SMEs or other entities can make use of this tool to enable overtourism mitigation actions. Several practical example can be provided, such as promoting the visitation to less occupied but equally attractive areas, applied in recreational, cultural, or religious spots, both in indoor scenarios like palaces, museums, monasteries, or cathedrals, or in outdoor ones such as public parks, camping parks, concerts, fireworks, or video mapping shows. Besides assuring a better visiting experience (e.g. by inviting tourists to less occupied areas / rooms), these actions are also necessary for security reasons (e.g., to prevent works exhibited in a museum from deteriorating or even being vandalized by exceeding room capacity), health reasons (e.g., preventing infection in pandemic scenarios by not exceeding the maximum people density specified by health authorities), or even for resource management (e.g. to reduce the intervention of security and cleaning teams). 

The tool is accesible from this link – 

Why use this tool/application instead of something else that already exists? 

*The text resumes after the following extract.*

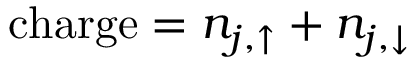<formula> <loc_0><loc_0><loc_500><loc_500>c h \arg e = n _ { j , \uparrow } + n _ { j , \downarrow }</formula>

There are other technologies available for crowd detection and monitoring, but they present several disadvantages. To detect the number of persons in a given area it is also possible to use: – sound-based approach’s – but precision and detection ranges achieved are low, and present privacy issues; – vision-based approach’s – high cost due to hardware and computationally demanding tasks that are not affordable for edge computing, and also present privacy issues; – use social media content – since geo-location information needs to be tagged in people’s posts, only a portion of this information can be accessed and utilized, making this approach less representative of the actual crowding level; – use metadata provided by mobile operator’s – this method is focused on retrieving crowding patterns and predictions from past gathered data, and not in real-time, and usually with a not detailed special resolution. The use of mobile data is usually the most mature and available alternative, but operator’s willing to monetize network data, at a high cost, may render this last approach unfeasible for many SMEs, without providing a detailed and in real-time solution.